Horrendous. I've seen things on TV about people who had bought property in France and because some law obliging the vendor to offer a property to a neighbouring landowner to give them the chance to buy it or have first refusal hadn't been followed, the actual purchaser who had bought in good faith was deemed not to have legal title to the property.

We had friends who bought a house here, for cash, many years ago when they literally could be bought for next to nothing. At the notary's office, the estate agent handed over one third of the price they had agreed to pay to the vendors (an old Spanish couple) and pocketed the other two-thirds as his commission. It was, apparently, the custom for agents to ask the vendors how much they wanted for their property and add on however much they thought they could get away with as their commission, especially if the buyer was a naive foreigner.


----------



## 746786 (Dec 26, 2014)

Yes, horrendous examples of what some people will do to get money from other people with zero conscience.

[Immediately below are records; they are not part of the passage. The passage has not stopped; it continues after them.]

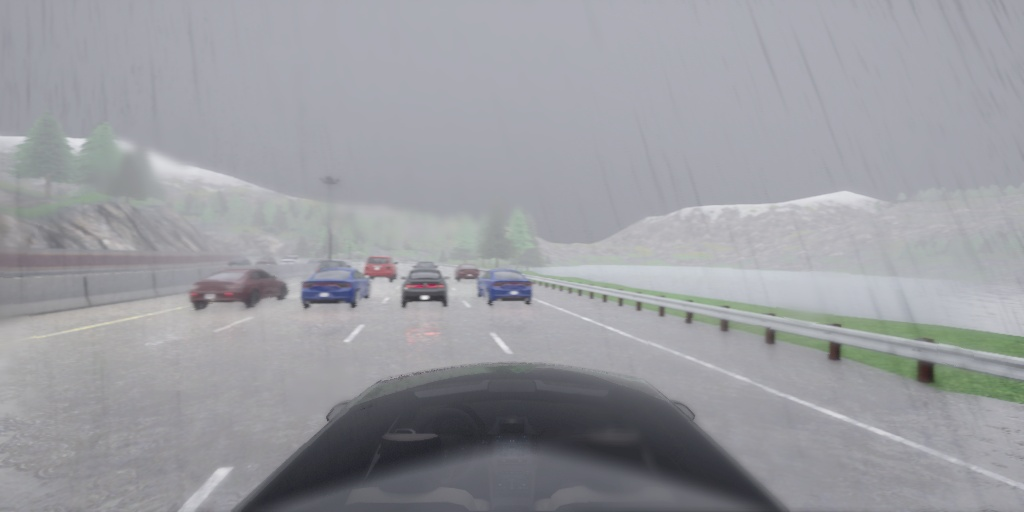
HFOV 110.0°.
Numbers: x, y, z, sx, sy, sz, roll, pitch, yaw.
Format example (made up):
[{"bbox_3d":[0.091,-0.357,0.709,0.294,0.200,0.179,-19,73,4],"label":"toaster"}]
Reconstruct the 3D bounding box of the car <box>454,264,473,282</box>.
[{"bbox_3d":[-3.985,1.398,31.465,1.882,1.535,5.008,1,0,-13],"label":"car"}]

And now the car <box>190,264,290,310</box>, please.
[{"bbox_3d":[-10.668,1.230,14.337,1.812,1.442,4.674,1,0,-13],"label":"car"}]

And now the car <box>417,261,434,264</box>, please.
[{"bbox_3d":[-7.299,1.218,30.268,2.097,1.767,4.553,1,-1,-13],"label":"car"}]

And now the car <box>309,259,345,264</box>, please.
[{"bbox_3d":[-14.105,1.116,28.632,2.097,1.767,4.553,1,-1,-13],"label":"car"}]

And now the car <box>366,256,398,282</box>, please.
[{"bbox_3d":[-10.686,1.033,29.381,2.150,2.045,5.566,1,0,-13],"label":"car"}]

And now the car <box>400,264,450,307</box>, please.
[{"bbox_3d":[-3.848,1.313,15.908,1.837,1.490,4.892,1,0,-13],"label":"car"}]

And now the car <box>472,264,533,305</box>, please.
[{"bbox_3d":[-0.480,1.335,16.885,1.882,1.535,5.008,1,0,-13],"label":"car"}]

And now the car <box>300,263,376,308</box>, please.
[{"bbox_3d":[-7.286,1.233,15.249,1.882,1.535,5.008,1,0,-13],"label":"car"}]
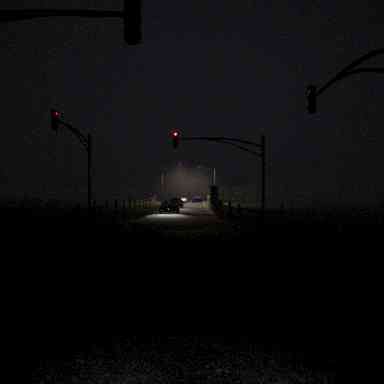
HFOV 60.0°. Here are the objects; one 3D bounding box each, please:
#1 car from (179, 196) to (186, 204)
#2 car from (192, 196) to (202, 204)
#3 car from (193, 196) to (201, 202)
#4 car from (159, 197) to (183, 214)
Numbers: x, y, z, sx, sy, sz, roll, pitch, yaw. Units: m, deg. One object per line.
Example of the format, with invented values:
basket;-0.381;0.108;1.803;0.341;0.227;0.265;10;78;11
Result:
car;-2.196;1.536;46.972;1.812;1.442;4.674;0;0;1
car;1.059;1.495;65.883;1.882;1.535;5.008;0;0;1
car;1.124;1.617;75.917;1.895;1.301;4.718;0;0;1
car;-2.370;1.571;35.961;1.994;1.385;4.181;0;0;1
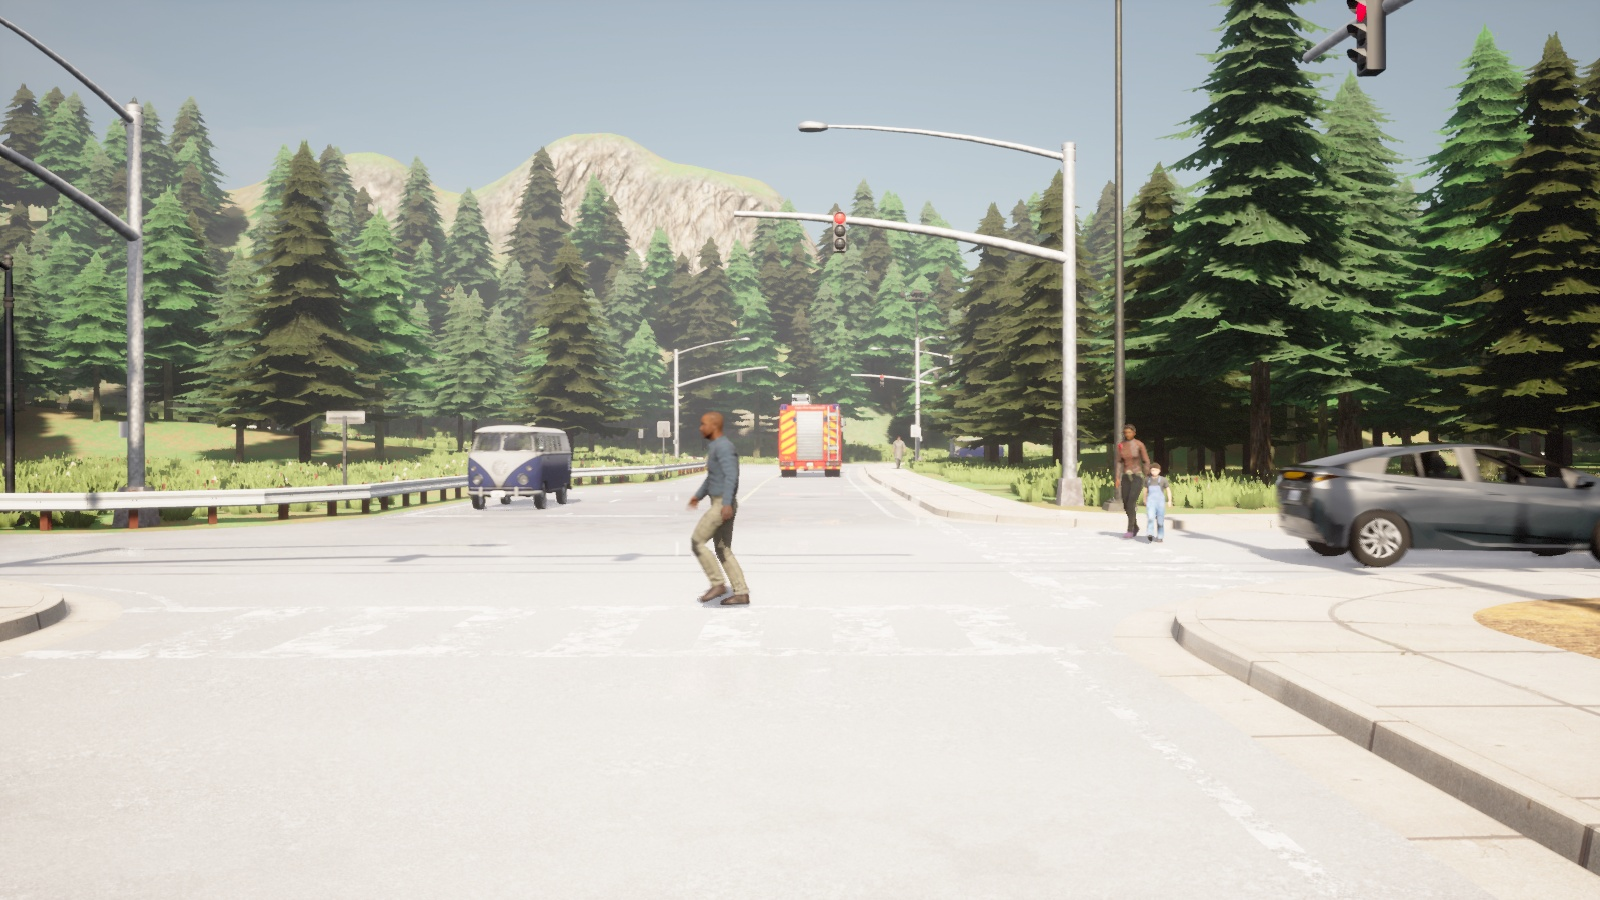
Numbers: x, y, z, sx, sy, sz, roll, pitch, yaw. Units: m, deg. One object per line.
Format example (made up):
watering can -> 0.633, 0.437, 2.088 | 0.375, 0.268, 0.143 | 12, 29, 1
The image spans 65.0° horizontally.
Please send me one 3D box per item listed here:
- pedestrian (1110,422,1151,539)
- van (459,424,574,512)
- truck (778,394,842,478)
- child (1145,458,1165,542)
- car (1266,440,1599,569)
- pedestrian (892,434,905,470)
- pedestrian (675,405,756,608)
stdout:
pedestrian -> 5.206, 0.472, 19.786 | 0.328, 1.805, 0.869 | 0, 0, 36
van -> -6.820, 0.399, 30.676 | 1.775, 1.987, 4.442 | 0, 0, 0
truck -> 0.581, -0.660, 61.508 | 2.891, 3.827, 8.468 | 0, 0, 2
child -> 5.422, 0.759, 19.181 | 0.270, 1.263, 0.437 | 0, 0, 20
car -> 8.520, 0.640, 15.913 | 4.514, 1.525, 2.007 | 0, 0, 3
pedestrian -> 5.382, 0.126, 68.665 | 0.659, 1.952, 0.873 | 0, 0, 4
pedestrian -> -0.767, 0.509, 11.551 | 0.726, 1.835, 0.370 | 0, 0, -2
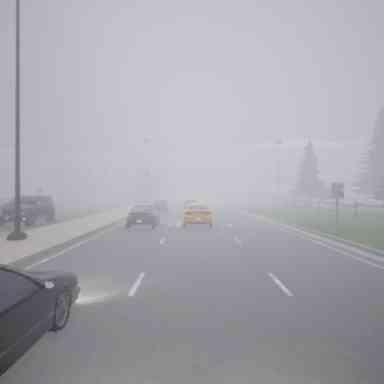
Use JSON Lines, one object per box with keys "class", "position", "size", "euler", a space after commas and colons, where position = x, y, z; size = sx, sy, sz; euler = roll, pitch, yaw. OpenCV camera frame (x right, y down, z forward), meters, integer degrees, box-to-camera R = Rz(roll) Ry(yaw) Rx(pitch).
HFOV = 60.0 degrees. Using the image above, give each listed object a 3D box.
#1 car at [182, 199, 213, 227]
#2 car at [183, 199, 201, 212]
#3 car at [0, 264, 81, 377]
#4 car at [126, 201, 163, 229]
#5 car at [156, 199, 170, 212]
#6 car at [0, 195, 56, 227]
{"class": "car", "position": [0.328, 1.493, 22.846], "size": [1.882, 1.535, 5.008], "euler": [0, 0, -1]}
{"class": "car", "position": [-0.120, 1.574, 40.252], "size": [2.033, 1.411, 5.357], "euler": [0, 0, -2]}
{"class": "car", "position": [-2.991, 1.548, 3.770], "size": [2.033, 1.411, 5.357], "euler": [0, 0, 0]}
{"class": "car", "position": [-3.149, 1.538, 21.878], "size": [1.812, 1.442, 4.674], "euler": [0, 0, -1]}
{"class": "car", "position": [-3.579, 1.570, 38.677], "size": [2.033, 1.411, 5.357], "euler": [0, 0, -2]}
{"class": "car", "position": [-11.360, 1.228, 23.065], "size": [2.150, 2.045, 5.566], "euler": [0, 0, -1]}
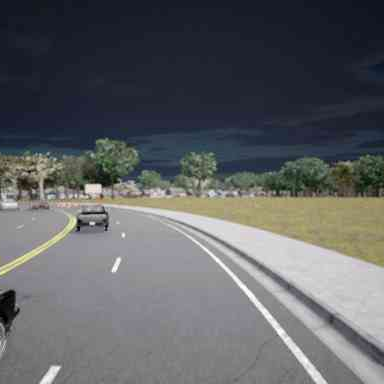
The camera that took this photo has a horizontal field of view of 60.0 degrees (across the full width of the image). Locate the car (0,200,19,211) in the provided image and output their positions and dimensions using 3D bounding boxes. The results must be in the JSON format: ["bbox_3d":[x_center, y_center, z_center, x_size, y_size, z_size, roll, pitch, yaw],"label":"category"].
[{"bbox_3d":[-24.459,1.763,44.611,1.812,1.442,4.674,-1,0,-35],"label":"car"}]

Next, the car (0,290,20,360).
[{"bbox_3d":[-3.359,1.623,2.729,1.895,1.301,4.718,0,0,-2],"label":"car"}]

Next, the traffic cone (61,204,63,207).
[{"bbox_3d":[-20.532,2.138,53.860,0.340,0.580,0.340,-1,0,-36],"label":"traffic cone"}]

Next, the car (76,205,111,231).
[{"bbox_3d":[-6.225,1.555,21.034,2.128,1.511,4.902,0,0,-15],"label":"car"}]

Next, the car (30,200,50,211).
[{"bbox_3d":[-20.263,1.755,44.214,1.994,1.385,4.181,-1,0,-33],"label":"car"}]

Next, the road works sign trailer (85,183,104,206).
[{"bbox_3d":[-14.130,0.586,47.407,2.380,3.560,2.880,-1,0,-36],"label":"road works sign trailer"}]

Could anyone just clarify for me how much and what a (non-resident) property seller can expect to pay out in Spain (as I may soon be in that position). Estate agent fees, legal fees (?) and taxes etc. My little bit of land isn't worth much so I'm also looking for any ways I could minimise my losses.


----------



## Lynn R (Feb 21, 2014)

Frank B said:


> Yes, horrendous examples of what some people will do to get money from other people with zero conscience.
> 
> Could anyone just clarify for me how much and what a (non-resident) property seller can expect to pay out in Spain (as I may soon be in that position). Estate agent fees, legal fees (?) and taxes etc. My little bit of land isn't worth much so I'm also looking for any ways I could minimise my losses.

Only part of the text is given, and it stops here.